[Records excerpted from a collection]

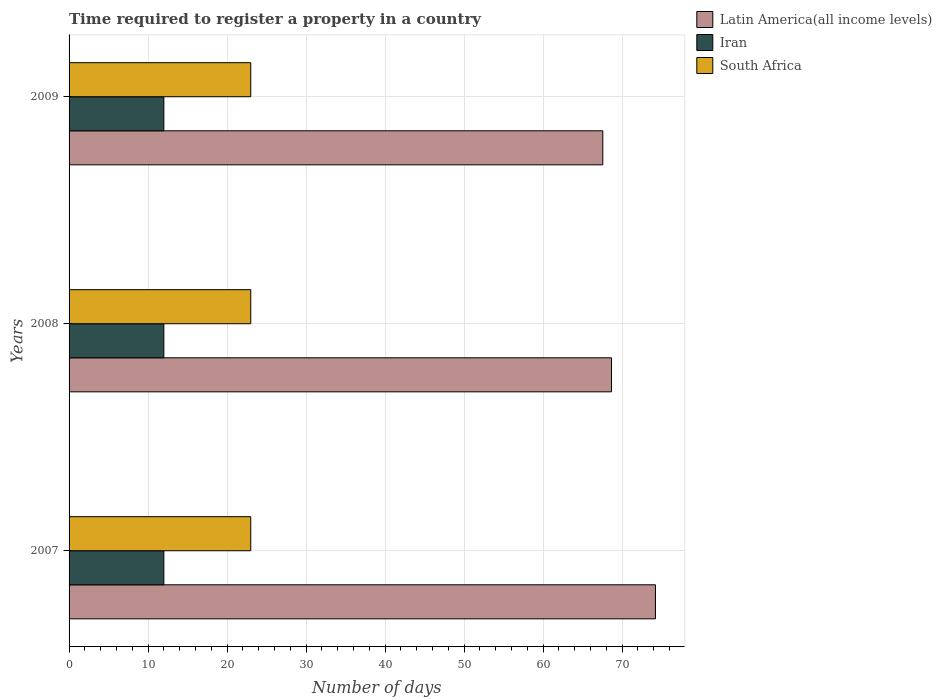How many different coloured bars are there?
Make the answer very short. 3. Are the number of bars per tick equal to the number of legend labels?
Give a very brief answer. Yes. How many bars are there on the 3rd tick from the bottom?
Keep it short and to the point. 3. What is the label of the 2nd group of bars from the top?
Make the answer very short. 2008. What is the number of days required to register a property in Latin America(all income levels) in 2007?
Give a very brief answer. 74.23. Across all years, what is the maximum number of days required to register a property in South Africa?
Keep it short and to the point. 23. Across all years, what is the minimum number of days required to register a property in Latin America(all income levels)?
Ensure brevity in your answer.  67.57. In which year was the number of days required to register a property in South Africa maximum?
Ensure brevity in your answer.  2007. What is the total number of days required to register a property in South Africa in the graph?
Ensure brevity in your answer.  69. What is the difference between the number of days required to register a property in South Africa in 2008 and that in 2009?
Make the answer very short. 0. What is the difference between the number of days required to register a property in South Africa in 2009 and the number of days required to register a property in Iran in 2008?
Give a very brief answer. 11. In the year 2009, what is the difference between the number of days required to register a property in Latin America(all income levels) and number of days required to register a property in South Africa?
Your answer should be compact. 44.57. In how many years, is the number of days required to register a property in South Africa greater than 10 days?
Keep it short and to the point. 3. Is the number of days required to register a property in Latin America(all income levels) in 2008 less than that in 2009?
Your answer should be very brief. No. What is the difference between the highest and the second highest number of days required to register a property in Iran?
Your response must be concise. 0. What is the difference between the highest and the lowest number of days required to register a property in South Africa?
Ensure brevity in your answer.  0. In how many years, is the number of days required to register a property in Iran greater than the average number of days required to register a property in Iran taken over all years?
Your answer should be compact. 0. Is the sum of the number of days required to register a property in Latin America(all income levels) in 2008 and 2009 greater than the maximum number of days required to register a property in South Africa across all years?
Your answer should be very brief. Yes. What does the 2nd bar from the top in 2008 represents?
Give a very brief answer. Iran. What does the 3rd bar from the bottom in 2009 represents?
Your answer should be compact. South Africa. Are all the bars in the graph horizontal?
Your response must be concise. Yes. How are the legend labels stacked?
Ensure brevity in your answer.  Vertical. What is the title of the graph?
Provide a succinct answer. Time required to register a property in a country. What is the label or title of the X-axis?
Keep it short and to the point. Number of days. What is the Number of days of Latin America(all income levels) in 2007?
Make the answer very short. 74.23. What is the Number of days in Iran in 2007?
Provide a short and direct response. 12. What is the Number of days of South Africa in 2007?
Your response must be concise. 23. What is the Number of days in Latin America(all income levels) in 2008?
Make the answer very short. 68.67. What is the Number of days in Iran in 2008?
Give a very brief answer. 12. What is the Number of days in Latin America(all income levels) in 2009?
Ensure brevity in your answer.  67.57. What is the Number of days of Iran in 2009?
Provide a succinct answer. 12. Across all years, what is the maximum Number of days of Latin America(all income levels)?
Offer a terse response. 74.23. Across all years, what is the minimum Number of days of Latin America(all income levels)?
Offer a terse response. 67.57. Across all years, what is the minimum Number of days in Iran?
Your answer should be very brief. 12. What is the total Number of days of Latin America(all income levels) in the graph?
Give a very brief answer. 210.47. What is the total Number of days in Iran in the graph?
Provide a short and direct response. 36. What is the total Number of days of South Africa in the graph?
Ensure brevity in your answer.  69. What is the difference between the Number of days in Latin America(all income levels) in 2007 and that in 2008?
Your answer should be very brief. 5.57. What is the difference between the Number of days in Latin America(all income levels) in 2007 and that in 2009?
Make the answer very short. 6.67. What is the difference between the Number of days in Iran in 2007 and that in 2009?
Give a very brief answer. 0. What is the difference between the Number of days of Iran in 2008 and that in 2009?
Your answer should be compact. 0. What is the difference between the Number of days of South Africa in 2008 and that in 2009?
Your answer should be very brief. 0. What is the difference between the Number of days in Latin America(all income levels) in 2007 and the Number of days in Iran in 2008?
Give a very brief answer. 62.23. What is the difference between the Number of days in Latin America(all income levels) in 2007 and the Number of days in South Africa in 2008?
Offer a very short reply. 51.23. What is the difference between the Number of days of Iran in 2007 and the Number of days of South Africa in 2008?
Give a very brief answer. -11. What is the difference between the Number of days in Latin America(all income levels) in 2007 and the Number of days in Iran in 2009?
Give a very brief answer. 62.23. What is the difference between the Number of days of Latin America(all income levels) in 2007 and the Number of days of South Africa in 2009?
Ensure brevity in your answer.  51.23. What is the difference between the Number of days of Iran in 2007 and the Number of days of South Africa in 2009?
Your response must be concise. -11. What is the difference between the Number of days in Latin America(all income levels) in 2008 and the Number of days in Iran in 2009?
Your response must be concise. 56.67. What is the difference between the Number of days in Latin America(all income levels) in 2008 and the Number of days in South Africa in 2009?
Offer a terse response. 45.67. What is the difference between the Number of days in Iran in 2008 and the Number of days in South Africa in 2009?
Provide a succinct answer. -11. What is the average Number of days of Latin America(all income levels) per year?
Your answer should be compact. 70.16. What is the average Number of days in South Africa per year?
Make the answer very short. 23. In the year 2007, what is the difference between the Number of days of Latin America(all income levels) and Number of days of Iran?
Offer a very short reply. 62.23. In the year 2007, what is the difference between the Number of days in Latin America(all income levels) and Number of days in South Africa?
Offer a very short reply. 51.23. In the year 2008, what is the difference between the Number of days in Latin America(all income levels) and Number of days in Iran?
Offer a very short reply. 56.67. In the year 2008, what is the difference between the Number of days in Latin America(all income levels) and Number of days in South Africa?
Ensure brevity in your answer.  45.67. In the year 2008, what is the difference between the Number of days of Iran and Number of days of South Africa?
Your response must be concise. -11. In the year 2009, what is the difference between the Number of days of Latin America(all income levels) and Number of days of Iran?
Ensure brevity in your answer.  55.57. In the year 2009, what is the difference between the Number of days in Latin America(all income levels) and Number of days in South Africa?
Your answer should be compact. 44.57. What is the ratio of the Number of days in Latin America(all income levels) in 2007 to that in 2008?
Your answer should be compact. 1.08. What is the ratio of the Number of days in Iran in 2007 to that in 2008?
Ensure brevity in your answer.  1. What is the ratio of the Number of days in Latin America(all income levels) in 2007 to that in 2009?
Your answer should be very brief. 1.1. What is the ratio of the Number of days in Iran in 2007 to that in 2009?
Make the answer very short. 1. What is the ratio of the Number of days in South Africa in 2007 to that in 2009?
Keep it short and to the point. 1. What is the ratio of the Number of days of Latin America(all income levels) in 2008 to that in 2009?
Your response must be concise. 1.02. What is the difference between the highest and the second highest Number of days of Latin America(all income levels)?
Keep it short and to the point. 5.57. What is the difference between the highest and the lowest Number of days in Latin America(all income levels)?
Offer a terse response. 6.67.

_ABOUT THIS EXERCISE_.
Write out the data above in full and exactly, but without the pictures.

_TASK OUTPUT_.
How many different coloured bars are there?
Make the answer very short. 3. Are the number of bars per tick equal to the number of legend labels?
Give a very brief answer. Yes. How many bars are there on the 3rd tick from the bottom?
Keep it short and to the point. 3. What is the label of the 2nd group of bars from the top?
Make the answer very short. 2008. What is the number of days required to register a property in Latin America(all income levels) in 2007?
Give a very brief answer. 74.23. Across all years, what is the maximum number of days required to register a property in South Africa?
Keep it short and to the point. 23. Across all years, what is the minimum number of days required to register a property in Latin America(all income levels)?
Ensure brevity in your answer.  67.57. In which year was the number of days required to register a property in South Africa maximum?
Ensure brevity in your answer.  2007. What is the total number of days required to register a property in South Africa in the graph?
Ensure brevity in your answer.  69. What is the difference between the number of days required to register a property in South Africa in 2008 and that in 2009?
Make the answer very short. 0. What is the difference between the number of days required to register a property in South Africa in 2009 and the number of days required to register a property in Iran in 2008?
Give a very brief answer. 11. In the year 2009, what is the difference between the number of days required to register a property in Latin America(all income levels) and number of days required to register a property in South Africa?
Your answer should be compact. 44.57. In how many years, is the number of days required to register a property in South Africa greater than 10 days?
Keep it short and to the point. 3. Is the number of days required to register a property in Latin America(all income levels) in 2008 less than that in 2009?
Your answer should be very brief. No. What is the difference between the highest and the second highest number of days required to register a property in Iran?
Your response must be concise. 0. What is the difference between the highest and the lowest number of days required to register a property in South Africa?
Ensure brevity in your answer.  0. In how many years, is the number of days required to register a property in Iran greater than the average number of days required to register a property in Iran taken over all years?
Your answer should be compact. 0. Is the sum of the number of days required to register a property in Latin America(all income levels) in 2008 and 2009 greater than the maximum number of days required to register a property in South Africa across all years?
Your answer should be very brief. Yes. What does the 2nd bar from the top in 2008 represents?
Give a very brief answer. Iran. What does the 3rd bar from the bottom in 2009 represents?
Your answer should be compact. South Africa. Are all the bars in the graph horizontal?
Your response must be concise. Yes. How are the legend labels stacked?
Ensure brevity in your answer.  Vertical. What is the title of the graph?
Provide a succinct answer. Time required to register a property in a country. What is the label or title of the X-axis?
Keep it short and to the point. Number of days. What is the Number of days of Latin America(all income levels) in 2007?
Make the answer very short. 74.23. What is the Number of days in Iran in 2007?
Provide a short and direct response. 12. What is the Number of days of South Africa in 2007?
Your response must be concise. 23. What is the Number of days in Latin America(all income levels) in 2008?
Make the answer very short. 68.67. What is the Number of days in Iran in 2008?
Give a very brief answer. 12. What is the Number of days in Latin America(all income levels) in 2009?
Ensure brevity in your answer.  67.57. What is the Number of days of Iran in 2009?
Provide a succinct answer. 12. Across all years, what is the maximum Number of days of Latin America(all income levels)?
Offer a terse response. 74.23. Across all years, what is the minimum Number of days of Latin America(all income levels)?
Offer a terse response. 67.57. Across all years, what is the minimum Number of days in Iran?
Your answer should be very brief. 12. What is the total Number of days of Latin America(all income levels) in the graph?
Give a very brief answer. 210.47. What is the total Number of days in Iran in the graph?
Provide a short and direct response. 36. What is the total Number of days of South Africa in the graph?
Ensure brevity in your answer.  69. What is the difference between the Number of days in Latin America(all income levels) in 2007 and that in 2008?
Your answer should be very brief. 5.57. What is the difference between the Number of days in Latin America(all income levels) in 2007 and that in 2009?
Make the answer very short. 6.67. What is the difference between the Number of days in Iran in 2007 and that in 2009?
Give a very brief answer. 0. What is the difference between the Number of days of Iran in 2008 and that in 2009?
Your answer should be compact. 0. What is the difference between the Number of days of South Africa in 2008 and that in 2009?
Your answer should be very brief. 0. What is the difference between the Number of days in Latin America(all income levels) in 2007 and the Number of days in Iran in 2008?
Give a very brief answer. 62.23. What is the difference between the Number of days in Latin America(all income levels) in 2007 and the Number of days in South Africa in 2008?
Offer a very short reply. 51.23. What is the difference between the Number of days of Iran in 2007 and the Number of days of South Africa in 2008?
Give a very brief answer. -11. What is the difference between the Number of days in Latin America(all income levels) in 2007 and the Number of days in Iran in 2009?
Give a very brief answer. 62.23. What is the difference between the Number of days of Latin America(all income levels) in 2007 and the Number of days of South Africa in 2009?
Ensure brevity in your answer.  51.23. What is the difference between the Number of days of Iran in 2007 and the Number of days of South Africa in 2009?
Your response must be concise. -11. What is the difference between the Number of days in Latin America(all income levels) in 2008 and the Number of days in Iran in 2009?
Your response must be concise. 56.67. What is the difference between the Number of days in Latin America(all income levels) in 2008 and the Number of days in South Africa in 2009?
Offer a terse response. 45.67. What is the difference between the Number of days in Iran in 2008 and the Number of days in South Africa in 2009?
Provide a succinct answer. -11. What is the average Number of days of Latin America(all income levels) per year?
Your answer should be compact. 70.16. What is the average Number of days in South Africa per year?
Make the answer very short. 23. In the year 2007, what is the difference between the Number of days of Latin America(all income levels) and Number of days of Iran?
Offer a very short reply. 62.23. In the year 2007, what is the difference between the Number of days in Latin America(all income levels) and Number of days in South Africa?
Offer a very short reply. 51.23. In the year 2008, what is the difference between the Number of days in Latin America(all income levels) and Number of days in Iran?
Offer a very short reply. 56.67. In the year 2008, what is the difference between the Number of days in Latin America(all income levels) and Number of days in South Africa?
Ensure brevity in your answer.  45.67. In the year 2008, what is the difference between the Number of days of Iran and Number of days of South Africa?
Your response must be concise. -11. In the year 2009, what is the difference between the Number of days of Latin America(all income levels) and Number of days of Iran?
Ensure brevity in your answer.  55.57. In the year 2009, what is the difference between the Number of days in Latin America(all income levels) and Number of days in South Africa?
Your answer should be compact. 44.57. What is the ratio of the Number of days in Latin America(all income levels) in 2007 to that in 2008?
Your answer should be compact. 1.08. What is the ratio of the Number of days in Iran in 2007 to that in 2008?
Ensure brevity in your answer.  1. What is the ratio of the Number of days in Latin America(all income levels) in 2007 to that in 2009?
Your answer should be very brief. 1.1. What is the ratio of the Number of days in Iran in 2007 to that in 2009?
Make the answer very short. 1. What is the ratio of the Number of days in South Africa in 2007 to that in 2009?
Keep it short and to the point. 1. What is the ratio of the Number of days of Latin America(all income levels) in 2008 to that in 2009?
Your response must be concise. 1.02. What is the difference between the highest and the second highest Number of days of Latin America(all income levels)?
Keep it short and to the point. 5.57. What is the difference between the highest and the lowest Number of days in Latin America(all income levels)?
Offer a terse response. 6.67.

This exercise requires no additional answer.